Solemnity of Christ the King (B), Conversations with Consequences Podcast, November 20, 2021

Fr. Roger J. Landry
Conversations with Consequences Podcast
Homily for the Solemnity of Christ the King (B), Vigil
November 20, 2021

 

To listen to an audio recording of this short Sunday homily, please click below: 

 

The following text guided the homily: 

  • This is Fr. Roger Landry and it’s a privilege for me to be with you as we enter into the consequential conversation the Risen Lord Jesus wants to have with each of us this Sunday, as we celebrate him as King of the Universe and enter into, and seek to learn from, the dialogue he has with Pontius Pilate on Good Friday morning.
  • I’d like to focus on two points.
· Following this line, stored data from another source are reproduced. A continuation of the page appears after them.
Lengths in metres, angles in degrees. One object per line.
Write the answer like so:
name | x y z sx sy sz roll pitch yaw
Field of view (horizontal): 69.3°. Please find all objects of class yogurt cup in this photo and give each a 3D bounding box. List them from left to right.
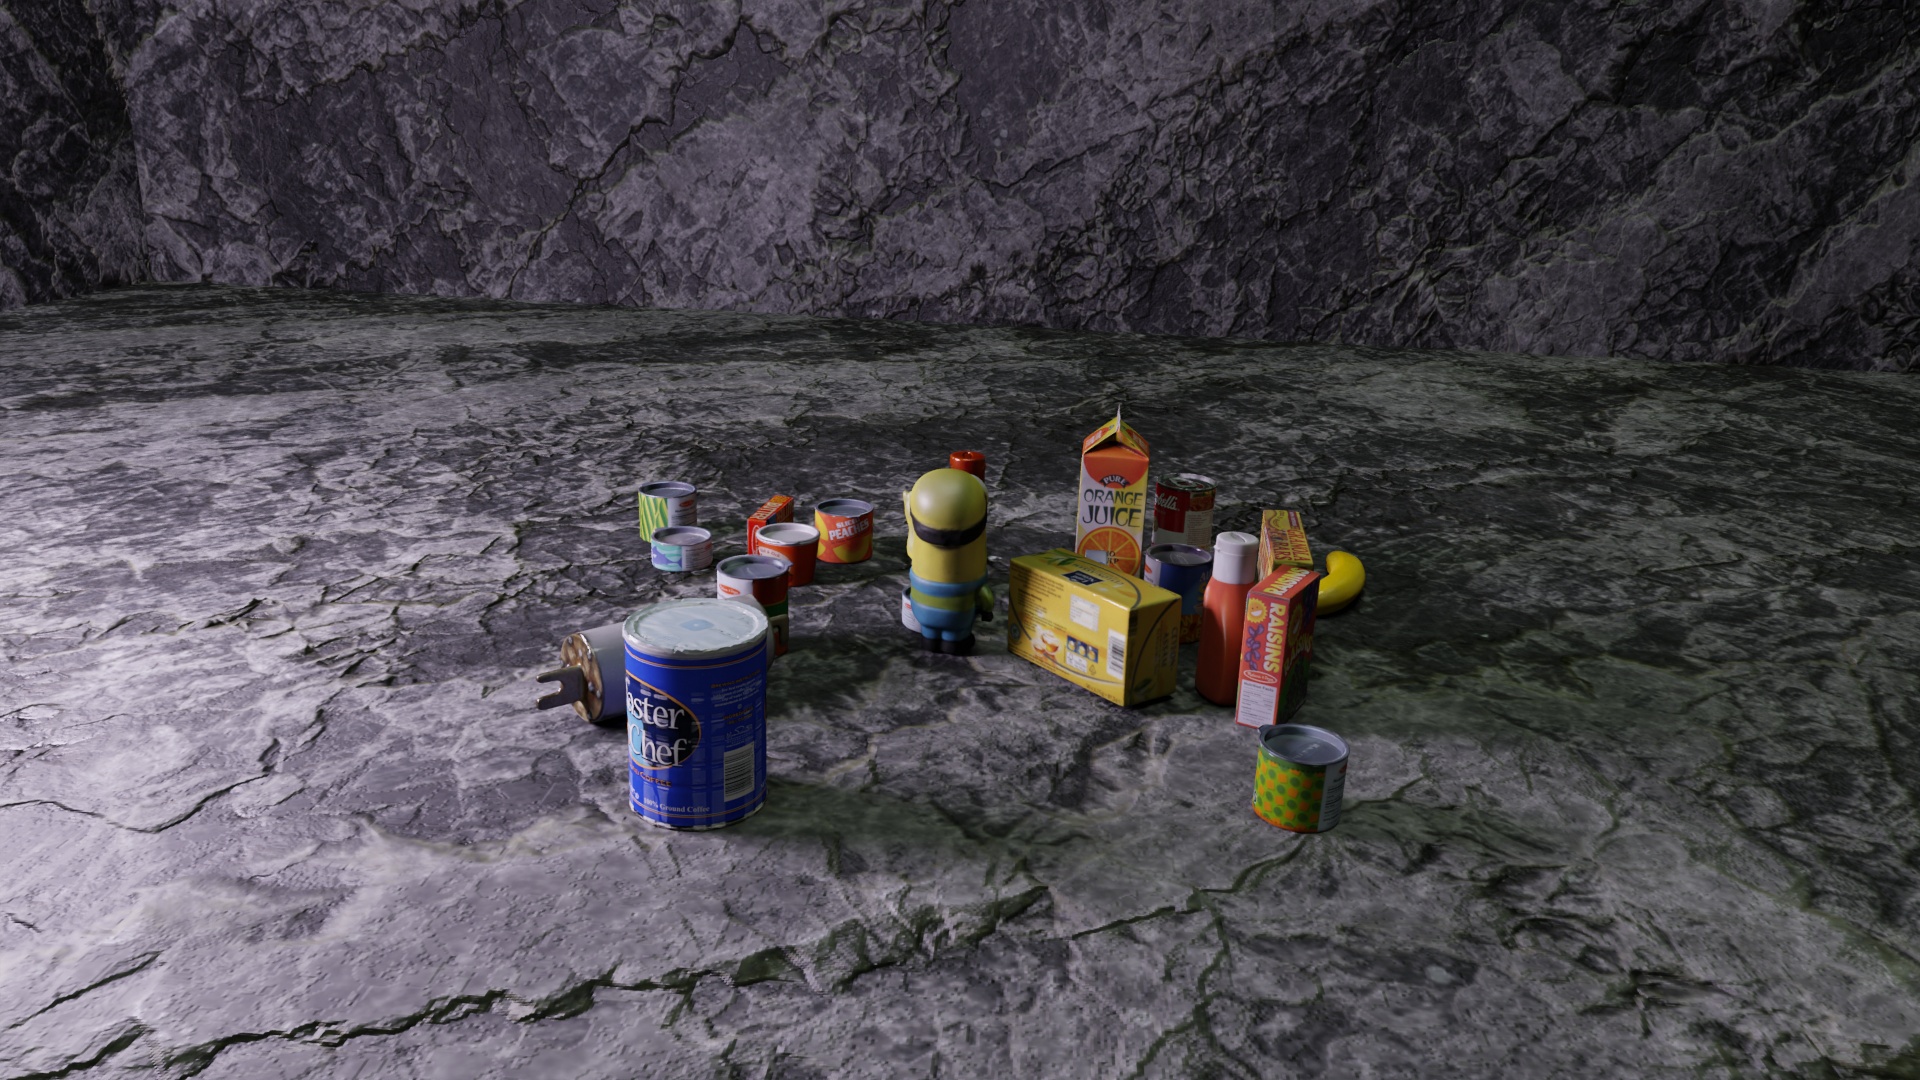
yogurt cup | -0.184 0.016 1.484 0.072 0.053 0.072 2 18 -1

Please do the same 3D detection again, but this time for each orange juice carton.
orange juice carton | 0.165 -0.047 1.501 0.073 0.192 0.072 4 18 6

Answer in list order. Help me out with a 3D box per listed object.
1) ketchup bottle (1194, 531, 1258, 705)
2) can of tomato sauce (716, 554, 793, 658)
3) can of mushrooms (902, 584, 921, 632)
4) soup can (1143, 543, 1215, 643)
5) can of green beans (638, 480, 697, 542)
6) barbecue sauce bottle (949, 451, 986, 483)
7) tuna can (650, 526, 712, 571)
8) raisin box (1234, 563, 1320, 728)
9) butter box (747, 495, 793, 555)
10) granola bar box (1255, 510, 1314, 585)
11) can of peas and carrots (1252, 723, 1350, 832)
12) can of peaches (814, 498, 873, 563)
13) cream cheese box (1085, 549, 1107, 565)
ketchup bottle | 0.238 0.068 1.232 0.043 0.148 0.065 -1 18 -11
can of tomato sauce | -0.192 0.062 1.295 0.071 0.082 0.071 2 18 -1
can of mushrooms | -0.023 0.067 1.384 0.071 0.033 0.071 2 18 -1
soup can | 0.217 0.052 1.379 0.071 0.083 0.071 2 18 -1
can of green beans | -0.337 -0.032 1.604 0.071 0.057 0.071 2 18 -1
barbecue sauce bottle | 0.005 -0.018 1.463 0.044 0.148 0.065 2 18 0
tuna can | -0.307 0.009 1.523 0.071 0.032 0.071 2 18 -1
raisin box | 0.275 0.092 1.203 0.040 0.123 0.086 13 21 30
butter box | -0.214 -0.012 1.567 0.024 0.053 0.104 6 18 9
granola bar box | 0.306 0.053 1.325 0.039 0.123 0.166 5 18 7
can of peas and carrots | 0.253 0.177 1.044 0.071 0.058 0.071 2 18 -1
can of peaches | -0.131 -0.010 1.564 0.071 0.058 0.071 2 18 -1
cream cheese box | 0.136 0.051 1.422 0.024 0.053 0.104 4 18 6
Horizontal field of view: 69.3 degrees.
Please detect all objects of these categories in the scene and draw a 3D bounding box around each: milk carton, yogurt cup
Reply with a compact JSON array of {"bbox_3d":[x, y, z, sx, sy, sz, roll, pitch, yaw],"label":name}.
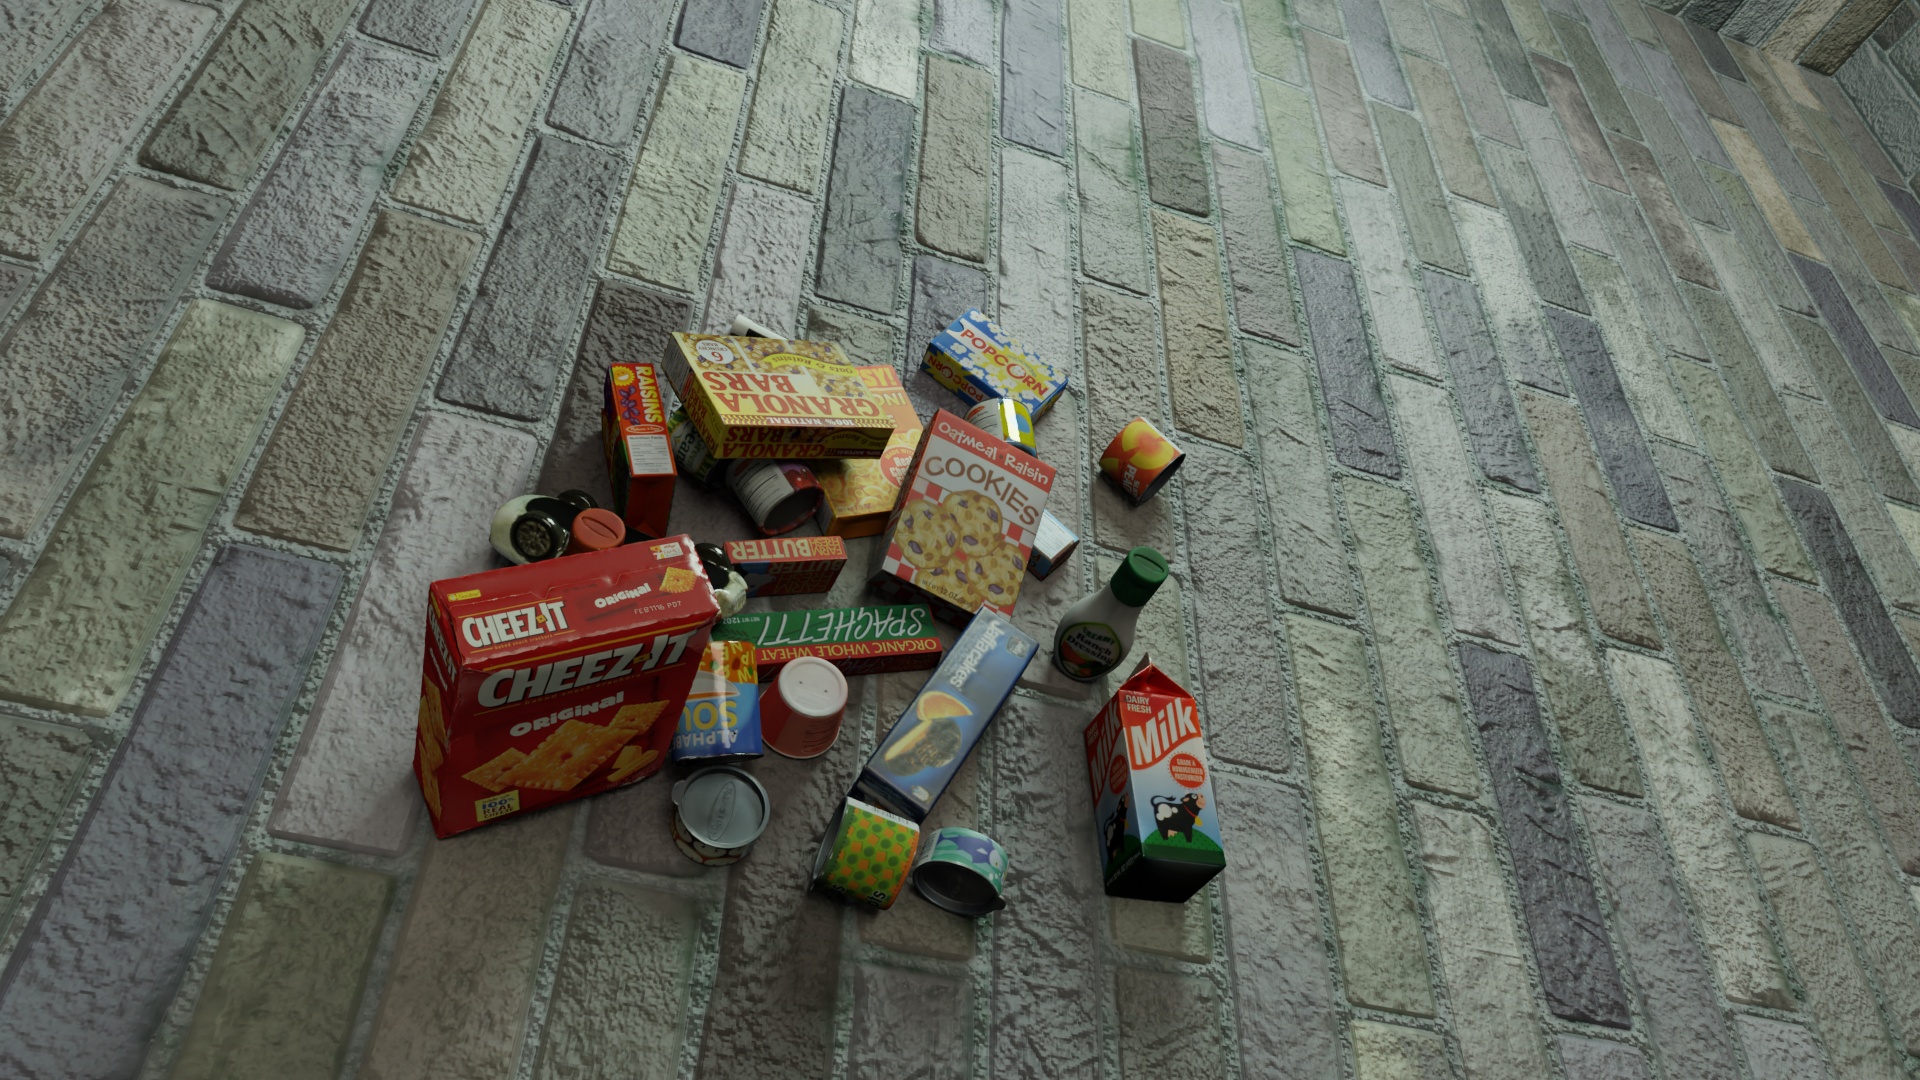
[{"bbox_3d":[0.152,0.187,1.127,0.073,0.072,0.191,10,49,-17],"label":"milk carton"},{"bbox_3d":[-0.119,0.125,1.064,0.072,0.053,0.073,13,49,-15],"label":"yogurt cup"}]

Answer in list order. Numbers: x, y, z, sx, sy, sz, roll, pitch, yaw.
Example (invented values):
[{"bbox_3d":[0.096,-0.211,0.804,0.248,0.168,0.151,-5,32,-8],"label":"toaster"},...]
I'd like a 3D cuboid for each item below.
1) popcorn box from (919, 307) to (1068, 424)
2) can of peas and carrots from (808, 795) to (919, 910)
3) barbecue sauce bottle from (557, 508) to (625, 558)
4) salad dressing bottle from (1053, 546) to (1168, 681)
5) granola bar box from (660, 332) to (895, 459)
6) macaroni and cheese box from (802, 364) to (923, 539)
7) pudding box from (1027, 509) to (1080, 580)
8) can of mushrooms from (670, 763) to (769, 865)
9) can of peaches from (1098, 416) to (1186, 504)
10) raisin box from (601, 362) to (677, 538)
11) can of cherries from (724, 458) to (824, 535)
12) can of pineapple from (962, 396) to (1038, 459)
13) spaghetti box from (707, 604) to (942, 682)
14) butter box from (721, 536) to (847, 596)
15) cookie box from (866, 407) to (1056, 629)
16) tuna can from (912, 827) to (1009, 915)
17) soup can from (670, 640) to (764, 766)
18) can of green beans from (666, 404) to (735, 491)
[{"bbox_3d":[0.035,-0.168,1.394,0.127,0.038,0.085,38,48,8],"label":"popcorn box"},{"bbox_3d":[-0.069,0.227,0.996,0.059,0.070,0.071,23,47,-7],"label":"can of peas and carrots"},{"bbox_3d":[-0.272,0.036,1.002,0.065,0.147,0.044,31,46,1],"label":"barbecue sauce bottle"},{"bbox_3d":[0.127,0.062,1.168,0.064,0.146,0.044,29,46,0],"label":"salad dressing bottle"},{"bbox_3d":[-0.155,-0.121,1.180,0.166,0.038,0.124,-2,44,-38],"label":"granola bar box"},{"bbox_3d":[-0.091,-0.082,1.261,0.124,0.040,0.167,-8,57,-30],"label":"macaroni and cheese box"},{"bbox_3d":[0.063,-0.008,1.279,0.084,0.030,0.050,41,48,11],"label":"pudding box"},{"bbox_3d":[-0.175,0.195,0.993,0.071,0.033,0.071,13,49,-15],"label":"can of mushrooms"},{"bbox_3d":[0.177,-0.078,1.367,0.058,0.071,0.071,44,48,14],"label":"can of peaches"},{"bbox_3d":[-0.266,-0.073,1.140,0.040,0.085,0.124,-4,54,-22],"label":"raisin box"},{"bbox_3d":[-0.156,-0.046,1.184,0.072,0.071,0.058,-22,64,-37],"label":"can of cherries"},{"bbox_3d":[0.039,-0.092,1.314,0.071,0.070,0.058,8,50,-19],"label":"can of pineapple"},{"bbox_3d":[-0.133,0.084,1.110,0.251,0.028,0.050,-2,55,-26],"label":"spaghetti box"},{"bbox_3d":[-0.149,0.022,1.138,0.104,0.052,0.024,-3,56,-27],"label":"butter box"},{"bbox_3d":[0.004,-0.015,1.207,0.123,0.040,0.168,27,62,-15],"label":"cookie box"},{"bbox_3d":[0.003,0.242,1.014,0.071,0.070,0.033,26,46,-3],"label":"tuna can"},{"bbox_3d":[-0.181,0.119,1.011,0.071,0.071,0.084,0,76,-25],"label":"soup can"},{"bbox_3d":[-0.214,-0.085,1.188,0.058,0.071,0.071,39,47,10],"label":"can of green beans"}]

Pilate begins his conversation with Jesus by asking the question that Jews had been asking, and trying to answer, about Jesus for the previous couple of years: “Are you the King of the Jews?” Jesus replied, “Do you say this on your own or have others told you about me?” Pilate tried to deflect the question, saying, “I am not a Jew, am I?” But the question cannot be ducked and it cannot really simply be answered by what others have told us. Jesus came into the world to establish a personal, saving relationship with everyone he has created. As the Good Shepherd who would leave the 99 behind and go after the one sheep who is lost, he is interested in 100 out of 100. It’s not enough for him to be the King of “others” or even the King of the “cosmos.” It’s not enough for the pope, or the priests, or the Catechism to proclaim him sovereign Lord. It doesn’t suffice that we dedicate Churches to Him or whole religious institutes under the title of Christ the King. It’s not adequate, in order words, even that the whole Church in heaven and on earth acclaims him as the Savior and Lord. Jesus wants each of us personally and intimately to say and mean, “thy Kingdom come!,” rather than just doing so because others have told us about this reality. Jesus died in order to become your king and my king and wants to have that life-giving relationship with each of us. He wants to become the most decisive reality in our life. And so the first response we’re called to have this Sunday is to ask ourselves honestly whether we have that relationship with him. Is he King of our time, not just Sunday but each day? Is he king over our family and love life? Is he king of our work? Is he king of our leisure? Is he king over our money? Is he King of our mind, heart, soul and strength? He is objectively the one through whom all things are made, it’s a fact that he’s King and Lord of all, but have we subjectively, freely, wholeheartedly, lovingly chosen him to be our King, to submit to and follow him with trust, with love, with joy? If we have not established him as a King of all parts of our life, then we really do not have the relationship with him that is right and just.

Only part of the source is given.